United States v. Tortora, supra, 922 F.2d at 887. The words are equally applicable here. The facts of this case demonstrate, in my opinion, that any action to set conditions of release in order to be solicitous of the defendants' ages or medical conditions, however well-intentioned, would be misguided and the result of putting on "rose-colored glasses." Through clear glasses, the reality could not be more striking these defendants, if released, would pose a danger to the community.

 
VII. CONCLUSION AND ORDER

Accordingly, pursuant to 18 U.S.C. § 3142(e), it is ORDERED that the defendants be, and they hereby are, DETAINED pending trial of the charge contained in the above-styled Indictment. Pursuant to 18 U.S.C. § 3142(e), the written findings of fact and a written statement of reasons for the detention are contained supra. Further pursuant to 18 U.S.C. § 3142(i), it is ORDERED that:

 
(1) The defendants be, and he hereby are, committed to the custody of the Attorney General for confinement in a corrections facility, separate, to the extent practicable, from persons awaiting or serving sentences or being held in custody pending appeal;
 
(2) The defendants be afforded reasonable opportunity for private consultation with their counsel; and
 
(3) On Order of a court of the United States or on request of an attorney for the Government, the person in charge of the corrections facility in which the defendants are confined deliver the defendants to an authorized Deputy U.S. Marshal for the purpose of any appearance in connection with a court proceeding.
 
VII. REVIEW BY THE DISTRICT JUDGE

Review of the within Detention Order may be had by the defendants filing a motion for revocation or amendment of the within Order pursuant to 18 U.S.C. § 3145(b).

NOTES

[1] Title 18 U.S.C. § 3156(a) (4) (A) defines a "crime of violence" as "an offense which has as an element of the offense the use, attempted use, or threatened use of physical force against the person or property of another."

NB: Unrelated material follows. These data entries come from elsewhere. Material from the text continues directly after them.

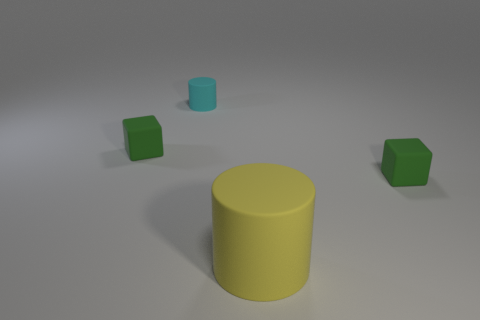Add 3 cyan rubber cylinders. How many objects exist? 7 Subtract all cyan cylinders. How many cylinders are left? 1 Add 2 green metallic objects. How many green metallic objects exist? 2 Subtract 0 brown cubes. How many objects are left? 4 Subtract 2 blocks. How many blocks are left? 0 Subtract all yellow cylinders. Subtract all blue cubes. How many cylinders are left? 1 Subtract all red spheres. How many yellow cylinders are left? 1 Subtract all yellow cylinders. Subtract all yellow metallic balls. How many objects are left? 3 Add 1 yellow objects. How many yellow objects are left? 2 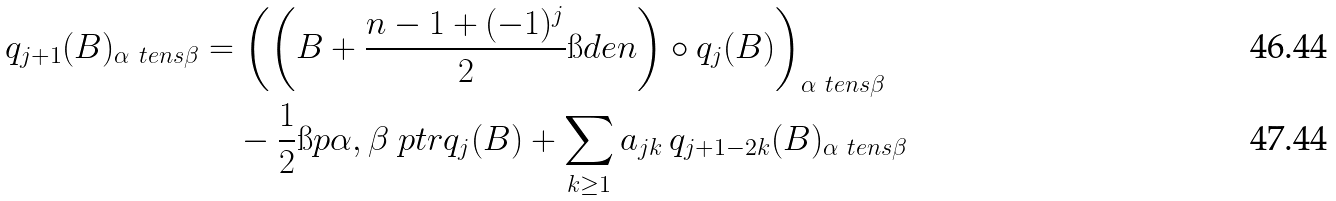Convert formula to latex. <formula><loc_0><loc_0><loc_500><loc_500>q _ { j + 1 } ( B ) _ { \alpha \ t e n s \beta } & = \left ( \left ( B + \frac { n - 1 + ( - 1 ) ^ { j } } 2 \i d e n \right ) \circ q _ { j } ( B ) \right ) _ { \alpha \ t e n s \beta } \\ & \quad - \frac { 1 } { 2 } \i p { \alpha , \beta } \ p t r q _ { j } ( B ) + \sum _ { k \geq 1 } a _ { j k } \, q _ { j + 1 - 2 k } ( B ) _ { \alpha \ t e n s \beta }</formula> 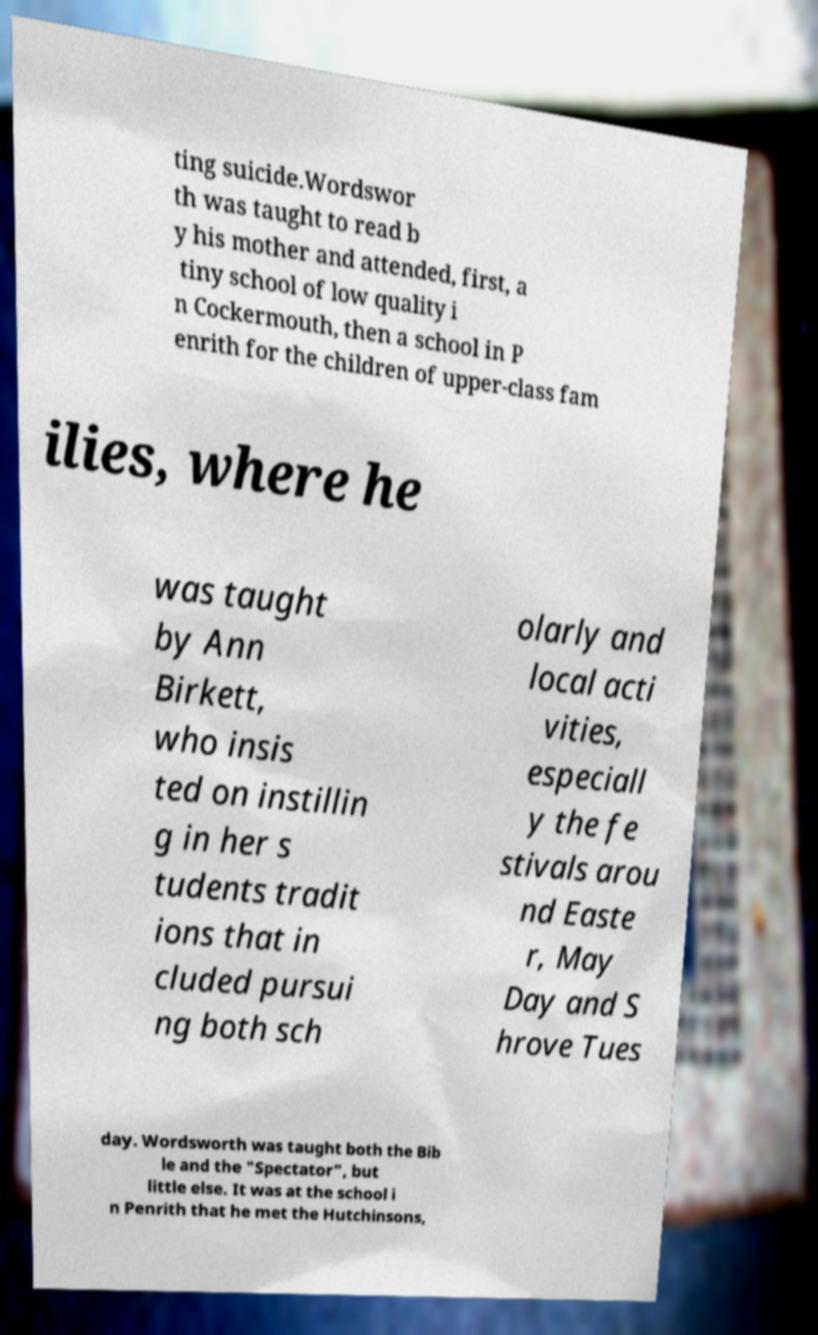Could you extract and type out the text from this image? ting suicide.Wordswor th was taught to read b y his mother and attended, first, a tiny school of low quality i n Cockermouth, then a school in P enrith for the children of upper-class fam ilies, where he was taught by Ann Birkett, who insis ted on instillin g in her s tudents tradit ions that in cluded pursui ng both sch olarly and local acti vities, especiall y the fe stivals arou nd Easte r, May Day and S hrove Tues day. Wordsworth was taught both the Bib le and the "Spectator", but little else. It was at the school i n Penrith that he met the Hutchinsons,

Title 18 U.S.C. § 3156(a) (4) (B) includes within the category of crimes of violence "any other offense that is a felony and that, by its nature, involves a substantial risk that [physical force] against the person or property of another may be used in the course of committing the offense."

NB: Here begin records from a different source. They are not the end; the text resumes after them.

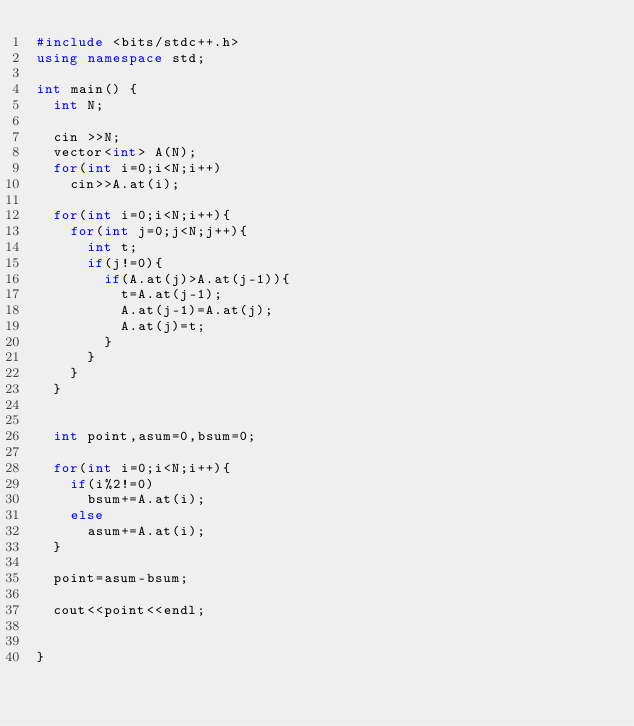Convert code to text. <code><loc_0><loc_0><loc_500><loc_500><_C++_>#include <bits/stdc++.h>
using namespace std;
 
int main() {
  int N;
  
  cin >>N;
  vector<int> A(N);
  for(int i=0;i<N;i++)
    cin>>A.at(i);
  
  for(int i=0;i<N;i++){
    for(int j=0;j<N;j++){
      int t;
      if(j!=0){
        if(A.at(j)>A.at(j-1)){
          t=A.at(j-1);
          A.at(j-1)=A.at(j);
          A.at(j)=t;
        }
      }
    }
  }
  
 
  int point,asum=0,bsum=0;
  
  for(int i=0;i<N;i++){
    if(i%2!=0)
      bsum+=A.at(i);
    else
      asum+=A.at(i);
  }
  
  point=asum-bsum;

  cout<<point<<endl;
 
 
}
        </code> 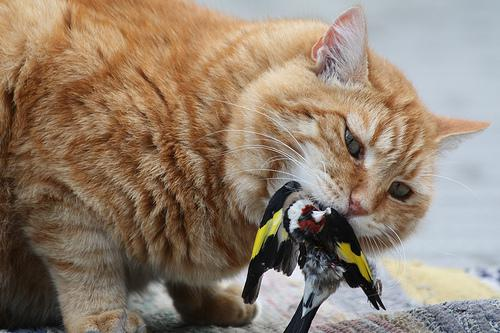Question: what is in the cat's mouth?
Choices:
A. Bird.
B. Rat.
C. Mice.
D. Bug.
Answer with the letter. Answer: A Question: how does the cat look?
Choices:
A. Fluffy.
B. Big.
C. Small.
D. Fat.
Answer with the letter. Answer: B Question: what is the cat doing?
Choices:
A. Drinking.
B. Licking.
C. Sleeping.
D. Eating.
Answer with the letter. Answer: D Question: what kind of cat is that?
Choices:
A. Tabby.
B. Persian.
C. Siamese.
D. Short hair.
Answer with the letter. Answer: A Question: what time of day is it?
Choices:
A. Morning.
B. Afternoon.
C. Night.
D. Evening.
Answer with the letter. Answer: A Question: what color is the cat?
Choices:
A. Black.
B. Orange.
C. Brown.
D. Grey.
Answer with the letter. Answer: B

[2] "I want to enter alive into this organization and I will have to get out dead."

[3] See footnote 1 for the applicable definition of a "crime of violence."

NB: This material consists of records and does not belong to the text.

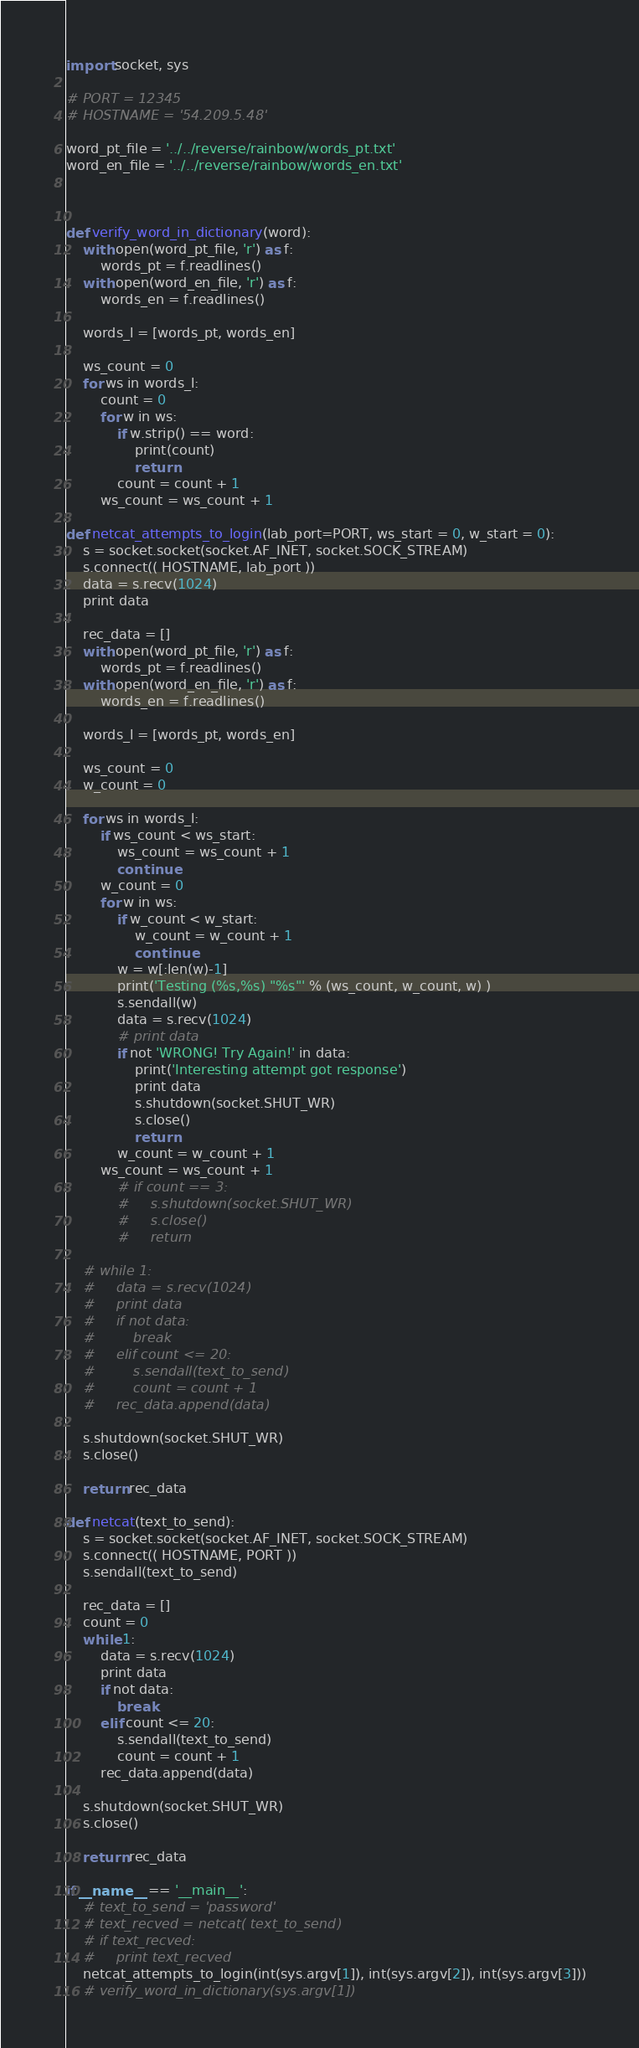Convert code to text. <code><loc_0><loc_0><loc_500><loc_500><_Python_>import socket, sys

# PORT = 12345
# HOSTNAME = '54.209.5.48'

word_pt_file = '../../reverse/rainbow/words_pt.txt'
word_en_file = '../../reverse/rainbow/words_en.txt'



def verify_word_in_dictionary(word):
    with open(word_pt_file, 'r') as f:
        words_pt = f.readlines()
    with open(word_en_file, 'r') as f:
        words_en = f.readlines()

    words_l = [words_pt, words_en]

    ws_count = 0
    for ws in words_l:
        count = 0
        for w in ws:
            if w.strip() == word:
                print(count)
                return
            count = count + 1
        ws_count = ws_count + 1

def netcat_attempts_to_login(lab_port=PORT, ws_start = 0, w_start = 0):
    s = socket.socket(socket.AF_INET, socket.SOCK_STREAM)
    s.connect(( HOSTNAME, lab_port ))
    data = s.recv(1024)
    print data

    rec_data = []
    with open(word_pt_file, 'r') as f:
        words_pt = f.readlines()
    with open(word_en_file, 'r') as f:
        words_en = f.readlines()

    words_l = [words_pt, words_en]

    ws_count = 0
    w_count = 0

    for ws in words_l:
        if ws_count < ws_start:
            ws_count = ws_count + 1
            continue
        w_count = 0
        for w in ws:
            if w_count < w_start:
                w_count = w_count + 1
                continue
            w = w[:len(w)-1]
            print('Testing (%s,%s) "%s"' % (ws_count, w_count, w) )
            s.sendall(w)
            data = s.recv(1024)
            # print data
            if not 'WRONG! Try Again!' in data:
                print('Interesting attempt got response')
                print data
                s.shutdown(socket.SHUT_WR)
                s.close()
                return
            w_count = w_count + 1
        ws_count = ws_count + 1
            # if count == 3:
            #     s.shutdown(socket.SHUT_WR)
            #     s.close()
            #     return

    # while 1:
    #     data = s.recv(1024)
    #     print data
    #     if not data:
    #         break
    #     elif count <= 20:
    #         s.sendall(text_to_send)
    #         count = count + 1
    #     rec_data.append(data)

    s.shutdown(socket.SHUT_WR)
    s.close()

    return rec_data

def netcat(text_to_send):
    s = socket.socket(socket.AF_INET, socket.SOCK_STREAM)
    s.connect(( HOSTNAME, PORT ))
    s.sendall(text_to_send)

    rec_data = []
    count = 0
    while 1:
        data = s.recv(1024)
        print data
        if not data:
            break
        elif count <= 20:
            s.sendall(text_to_send)
            count = count + 1
        rec_data.append(data)

    s.shutdown(socket.SHUT_WR)
    s.close()

    return rec_data

if __name__ == '__main__':
    # text_to_send = 'password'
    # text_recved = netcat( text_to_send)
    # if text_recved:
    #     print text_recved
    netcat_attempts_to_login(int(sys.argv[1]), int(sys.argv[2]), int(sys.argv[3]))
    # verify_word_in_dictionary(sys.argv[1])</code>

[4] See footnote 1 for the applicable definition of a "crime of violence."

[5] Counts 7, 15, 16 & 17.

[6] See footnote 1 for the applicable definition of a "crime of violence."

[7] Counts 7, 13, 15, 16 & 17.

[8] While there is no evidence that Pryce Quintina schemed to disobey the order setting conditions of release for Mr. DiGiacomo, I rely on the entire record, including his membership in the family, in reaching my conclusion.